» DESCRIPTION OF THE TASK: Omit the images and return the remaining entries unchanged.

Data entries:
*****

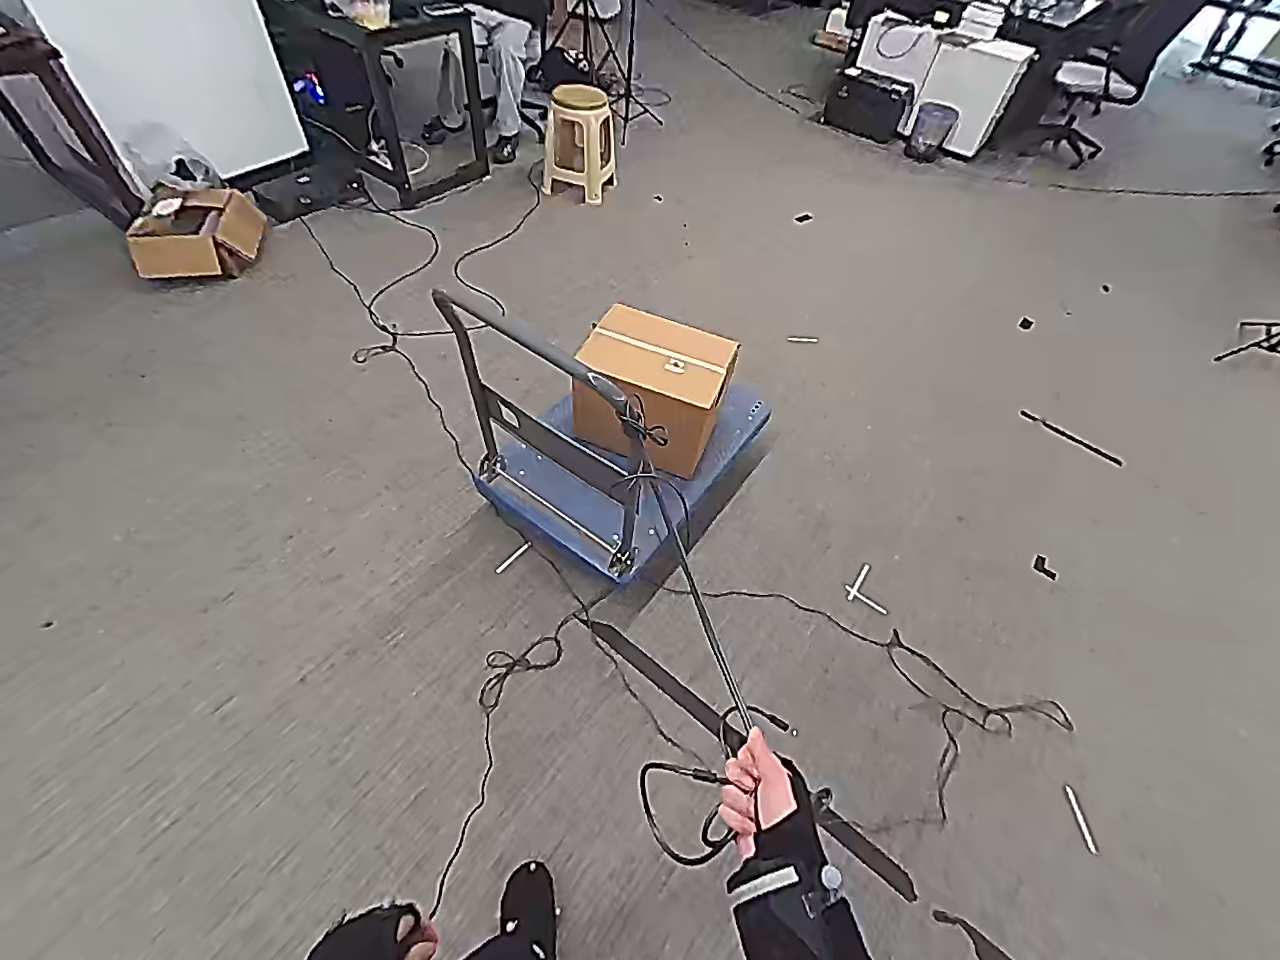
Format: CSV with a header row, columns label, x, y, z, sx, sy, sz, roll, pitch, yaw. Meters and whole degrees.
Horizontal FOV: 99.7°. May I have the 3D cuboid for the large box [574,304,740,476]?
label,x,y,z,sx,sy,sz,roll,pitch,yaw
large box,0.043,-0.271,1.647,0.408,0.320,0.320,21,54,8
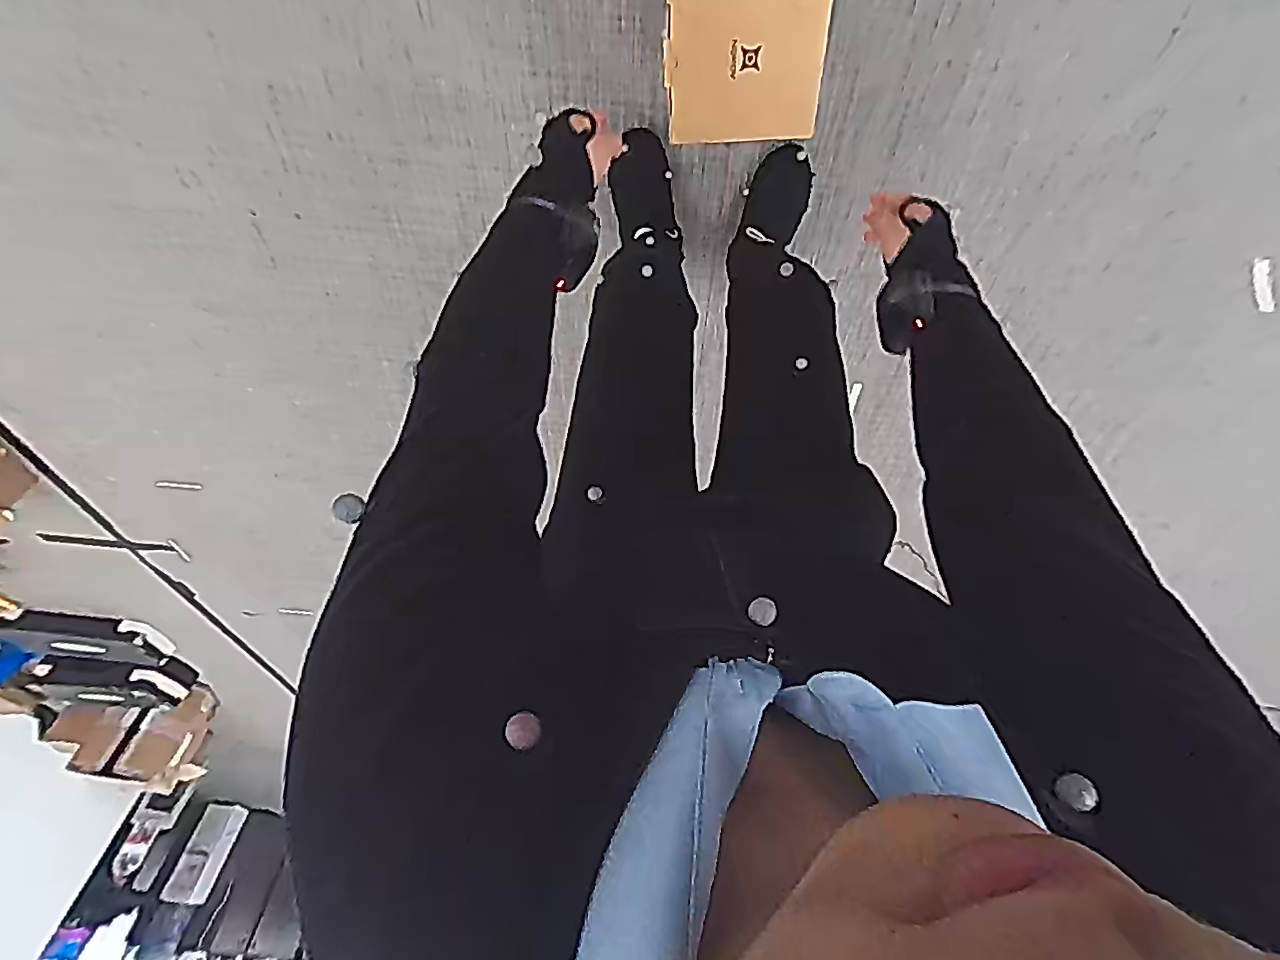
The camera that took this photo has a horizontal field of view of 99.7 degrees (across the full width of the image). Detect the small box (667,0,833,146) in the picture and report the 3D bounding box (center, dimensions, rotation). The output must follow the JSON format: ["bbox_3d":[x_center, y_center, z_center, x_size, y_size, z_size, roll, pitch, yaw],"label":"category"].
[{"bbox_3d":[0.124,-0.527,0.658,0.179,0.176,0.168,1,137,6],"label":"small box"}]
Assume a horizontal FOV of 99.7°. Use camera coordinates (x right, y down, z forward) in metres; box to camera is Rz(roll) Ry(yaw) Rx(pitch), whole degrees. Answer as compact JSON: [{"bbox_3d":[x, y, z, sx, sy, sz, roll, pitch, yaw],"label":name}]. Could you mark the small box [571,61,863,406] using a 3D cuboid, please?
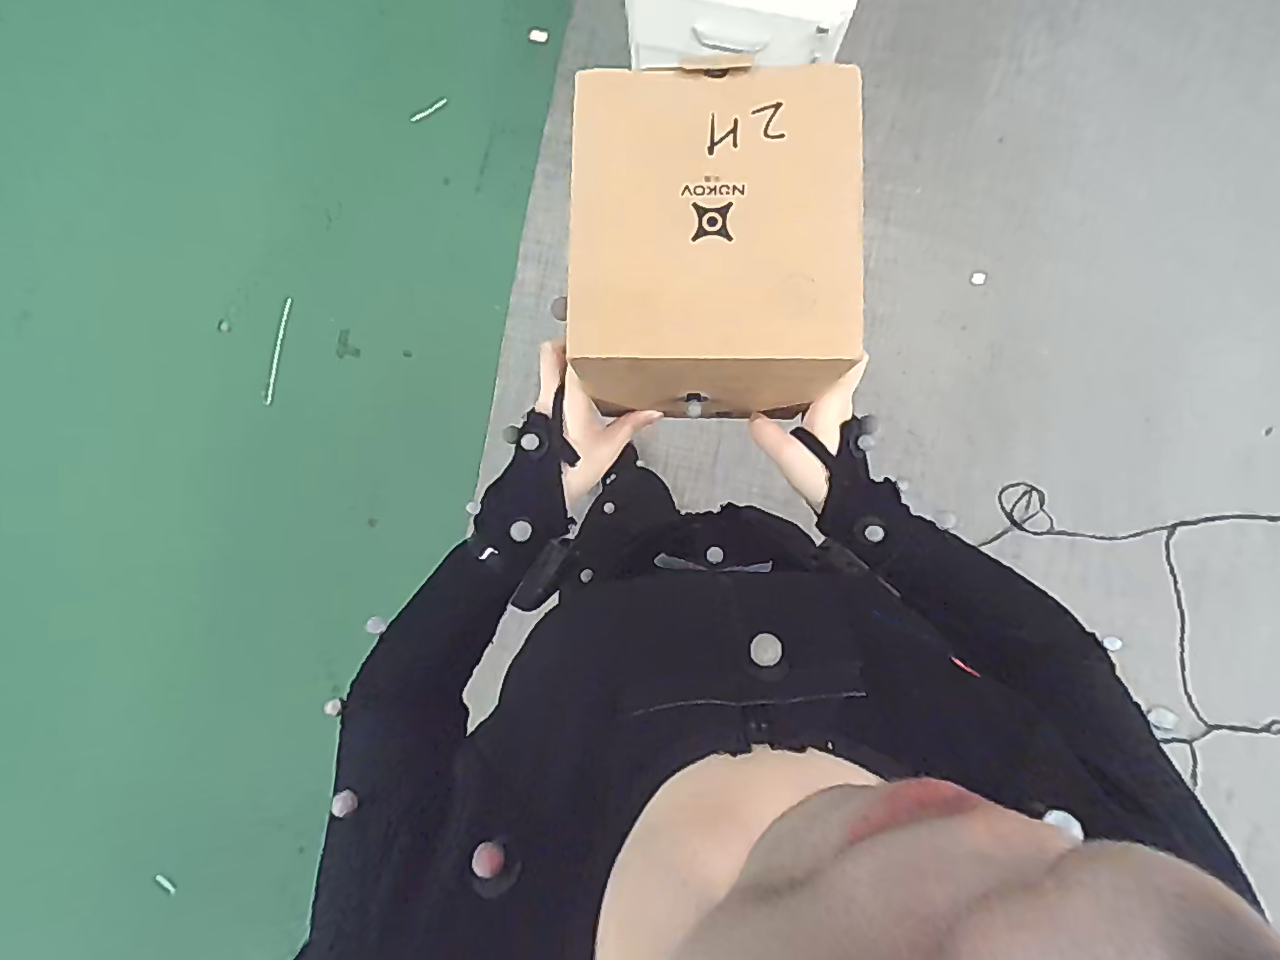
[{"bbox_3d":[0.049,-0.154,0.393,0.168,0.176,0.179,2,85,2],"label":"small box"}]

*****

» EXERCISE OUTPUT:
Format: CSV with a header row, columns label, x, y, z, sx, sy, sz, roll, pitch, yaw. Meters and whole degrees.
Horizontal FOV: 99.7°. May I have the 3D cuboid for the large box [574,304,740,476]?
label,x,y,z,sx,sy,sz,roll,pitch,yaw
large box,0.043,-0.271,1.647,0.408,0.320,0.320,21,54,8
The camera that took this photo has a horizontal field of view of 99.7 degrees (across the full width of the image). Detect the small box (667,0,833,146) in the picture and report the 3D bounding box (center, dimensions, rotation). The output must follow the JSON format: ["bbox_3d":[x_center, y_center, z_center, x_size, y_size, z_size, roll, pitch, yaw],"label":"category"].
[{"bbox_3d":[0.124,-0.527,0.658,0.179,0.176,0.168,1,137,6],"label":"small box"}]
Assume a horizontal FOV of 99.7°. Use camera coordinates (x right, y down, z forward) in metres; box to camera is Rz(roll) Ry(yaw) Rx(pitch), whole degrees. Answer as compact JSON: [{"bbox_3d":[x, y, z, sx, sy, sz, roll, pitch, yaw],"label":name}]. Could you mark the small box [571,61,863,406] using a 3D cuboid, please?
[{"bbox_3d":[0.049,-0.154,0.393,0.168,0.176,0.179,2,85,2],"label":"small box"}]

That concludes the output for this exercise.